___ Material to process

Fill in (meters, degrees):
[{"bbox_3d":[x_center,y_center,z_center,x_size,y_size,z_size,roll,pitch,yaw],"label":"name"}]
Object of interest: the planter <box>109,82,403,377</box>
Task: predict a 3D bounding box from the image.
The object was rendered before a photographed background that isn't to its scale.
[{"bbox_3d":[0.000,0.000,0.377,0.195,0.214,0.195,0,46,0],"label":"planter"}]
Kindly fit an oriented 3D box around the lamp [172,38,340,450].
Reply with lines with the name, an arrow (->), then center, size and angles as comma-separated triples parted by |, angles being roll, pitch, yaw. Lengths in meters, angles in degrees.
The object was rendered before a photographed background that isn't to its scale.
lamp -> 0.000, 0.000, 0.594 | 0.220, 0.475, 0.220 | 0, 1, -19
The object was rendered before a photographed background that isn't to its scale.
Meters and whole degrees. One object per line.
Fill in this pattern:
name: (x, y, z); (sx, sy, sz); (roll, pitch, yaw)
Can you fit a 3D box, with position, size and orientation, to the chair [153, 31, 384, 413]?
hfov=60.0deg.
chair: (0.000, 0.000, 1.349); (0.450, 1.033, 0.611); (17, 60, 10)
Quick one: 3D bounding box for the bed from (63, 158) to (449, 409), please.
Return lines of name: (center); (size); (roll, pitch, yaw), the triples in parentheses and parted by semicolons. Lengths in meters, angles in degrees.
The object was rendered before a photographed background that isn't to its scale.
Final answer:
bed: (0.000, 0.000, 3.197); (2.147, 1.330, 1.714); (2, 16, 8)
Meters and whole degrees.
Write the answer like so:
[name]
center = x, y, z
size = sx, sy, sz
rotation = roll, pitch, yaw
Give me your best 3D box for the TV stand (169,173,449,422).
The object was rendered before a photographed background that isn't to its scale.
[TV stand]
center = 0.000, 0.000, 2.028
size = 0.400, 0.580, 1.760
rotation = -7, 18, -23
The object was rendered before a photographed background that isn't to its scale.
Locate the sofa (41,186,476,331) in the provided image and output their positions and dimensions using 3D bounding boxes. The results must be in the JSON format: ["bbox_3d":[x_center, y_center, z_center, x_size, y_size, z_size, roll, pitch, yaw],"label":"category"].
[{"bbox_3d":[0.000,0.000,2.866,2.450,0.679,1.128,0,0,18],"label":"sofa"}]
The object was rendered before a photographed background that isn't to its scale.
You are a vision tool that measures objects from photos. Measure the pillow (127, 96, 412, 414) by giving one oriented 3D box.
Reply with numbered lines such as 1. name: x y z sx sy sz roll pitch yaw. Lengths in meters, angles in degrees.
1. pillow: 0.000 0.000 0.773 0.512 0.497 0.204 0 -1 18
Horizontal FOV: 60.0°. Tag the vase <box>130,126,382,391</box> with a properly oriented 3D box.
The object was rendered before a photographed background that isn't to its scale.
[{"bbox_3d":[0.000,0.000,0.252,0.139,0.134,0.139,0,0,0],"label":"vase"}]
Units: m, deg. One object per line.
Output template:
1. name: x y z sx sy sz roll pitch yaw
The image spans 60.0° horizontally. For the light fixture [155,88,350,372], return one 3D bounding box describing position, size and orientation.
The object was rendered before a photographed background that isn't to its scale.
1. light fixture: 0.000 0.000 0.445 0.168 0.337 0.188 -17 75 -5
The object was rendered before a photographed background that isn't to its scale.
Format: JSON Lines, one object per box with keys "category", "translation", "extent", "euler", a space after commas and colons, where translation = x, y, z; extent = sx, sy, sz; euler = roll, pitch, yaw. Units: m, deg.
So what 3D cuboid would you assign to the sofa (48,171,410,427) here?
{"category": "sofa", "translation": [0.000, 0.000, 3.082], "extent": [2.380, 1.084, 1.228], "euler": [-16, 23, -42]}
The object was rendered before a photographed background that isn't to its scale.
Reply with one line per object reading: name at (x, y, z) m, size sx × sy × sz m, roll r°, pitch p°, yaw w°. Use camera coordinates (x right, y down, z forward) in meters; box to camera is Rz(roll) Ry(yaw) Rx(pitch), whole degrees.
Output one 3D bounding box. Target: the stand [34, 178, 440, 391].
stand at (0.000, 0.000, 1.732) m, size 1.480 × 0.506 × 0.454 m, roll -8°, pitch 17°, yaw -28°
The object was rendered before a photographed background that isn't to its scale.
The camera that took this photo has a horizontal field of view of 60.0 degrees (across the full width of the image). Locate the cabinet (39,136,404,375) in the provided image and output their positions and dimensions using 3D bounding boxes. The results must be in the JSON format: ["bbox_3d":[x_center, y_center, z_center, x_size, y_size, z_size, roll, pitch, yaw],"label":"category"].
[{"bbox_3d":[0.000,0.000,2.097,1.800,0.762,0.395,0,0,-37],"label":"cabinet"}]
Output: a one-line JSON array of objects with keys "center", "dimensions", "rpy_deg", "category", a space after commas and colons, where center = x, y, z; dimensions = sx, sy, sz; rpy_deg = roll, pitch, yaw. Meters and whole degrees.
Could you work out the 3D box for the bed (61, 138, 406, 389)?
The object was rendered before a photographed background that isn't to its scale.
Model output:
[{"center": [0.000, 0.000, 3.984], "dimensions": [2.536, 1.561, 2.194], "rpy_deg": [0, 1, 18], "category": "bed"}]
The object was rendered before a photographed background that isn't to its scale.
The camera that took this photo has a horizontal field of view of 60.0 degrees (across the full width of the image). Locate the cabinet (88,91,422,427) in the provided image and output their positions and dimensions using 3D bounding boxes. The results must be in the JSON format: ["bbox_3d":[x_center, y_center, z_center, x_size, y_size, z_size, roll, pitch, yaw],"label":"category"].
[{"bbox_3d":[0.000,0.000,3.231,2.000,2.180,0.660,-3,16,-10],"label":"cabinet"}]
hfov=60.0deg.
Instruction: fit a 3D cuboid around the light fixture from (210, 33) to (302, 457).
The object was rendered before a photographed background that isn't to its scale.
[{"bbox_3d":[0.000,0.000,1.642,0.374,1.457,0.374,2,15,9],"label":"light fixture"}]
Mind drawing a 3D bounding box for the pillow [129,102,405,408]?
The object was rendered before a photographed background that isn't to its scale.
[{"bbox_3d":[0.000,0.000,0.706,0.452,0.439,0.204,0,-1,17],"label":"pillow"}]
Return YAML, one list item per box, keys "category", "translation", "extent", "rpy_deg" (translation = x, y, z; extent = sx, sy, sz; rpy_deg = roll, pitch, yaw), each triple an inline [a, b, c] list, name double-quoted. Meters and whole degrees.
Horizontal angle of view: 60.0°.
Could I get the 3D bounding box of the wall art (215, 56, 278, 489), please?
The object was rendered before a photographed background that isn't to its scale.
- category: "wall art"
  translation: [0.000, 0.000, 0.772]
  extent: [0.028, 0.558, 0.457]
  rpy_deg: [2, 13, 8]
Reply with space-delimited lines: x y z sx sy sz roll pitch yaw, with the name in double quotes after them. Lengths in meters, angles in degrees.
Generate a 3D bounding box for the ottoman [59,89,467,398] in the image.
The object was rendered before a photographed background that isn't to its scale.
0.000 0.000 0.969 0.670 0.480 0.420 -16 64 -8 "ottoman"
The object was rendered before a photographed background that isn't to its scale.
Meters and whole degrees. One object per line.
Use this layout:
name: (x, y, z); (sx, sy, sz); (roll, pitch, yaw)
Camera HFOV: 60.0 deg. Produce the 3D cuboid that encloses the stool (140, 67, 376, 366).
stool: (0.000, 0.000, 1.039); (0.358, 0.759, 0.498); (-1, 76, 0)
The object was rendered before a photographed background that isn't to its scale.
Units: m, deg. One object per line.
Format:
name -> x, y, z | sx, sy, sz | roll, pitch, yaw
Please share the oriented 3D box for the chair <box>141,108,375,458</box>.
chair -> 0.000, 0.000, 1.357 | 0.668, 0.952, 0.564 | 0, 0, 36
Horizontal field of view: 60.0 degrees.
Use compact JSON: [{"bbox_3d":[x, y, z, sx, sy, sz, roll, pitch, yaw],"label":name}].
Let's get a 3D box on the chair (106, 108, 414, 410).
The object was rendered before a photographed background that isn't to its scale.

______

Task item: Each line of the data that has the string "Could" should be returned.

Response area:
Could you work out the 3D box for the bed (61, 138, 406, 389)?
Could I get the 3D bounding box of the wall art (215, 56, 278, 489), please?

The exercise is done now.